[Entries provided]:

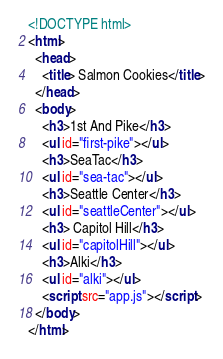<code> <loc_0><loc_0><loc_500><loc_500><_HTML_><!DOCTYPE html>
<html>
  <head>
    <title> Salmon Cookies</title>
  </head>
  <body>
    <h3>1st And Pike</h3>
    <ul id="first-pike"></ul>
    <h3>SeaTac</h3>
    <ul id="sea-tac"></ul>
    <h3>Seattle Center</h3>
    <ul id="seattleCenter"></ul>
    <h3> Capitol Hill</h3>
    <ul id="capitolHill"></ul>
    <h3>Alki</h3>
    <ul id="alki"></ul>
    <script src="app.js"></script>
  </body>
</html></code>

[What you will do]: Give back the listing exactly, without a single picture.

[Task response]:
<code> <loc_0><loc_0><loc_500><loc_500><_HTML_><!DOCTYPE html>
<html>
  <head>
    <title> Salmon Cookies</title>
  </head>
  <body>
    <h3>1st And Pike</h3>
    <ul id="first-pike"></ul>
    <h3>SeaTac</h3>
    <ul id="sea-tac"></ul>
    <h3>Seattle Center</h3>
    <ul id="seattleCenter"></ul>
    <h3> Capitol Hill</h3>
    <ul id="capitolHill"></ul>
    <h3>Alki</h3>
    <ul id="alki"></ul>
    <script src="app.js"></script>
  </body>
</html></code>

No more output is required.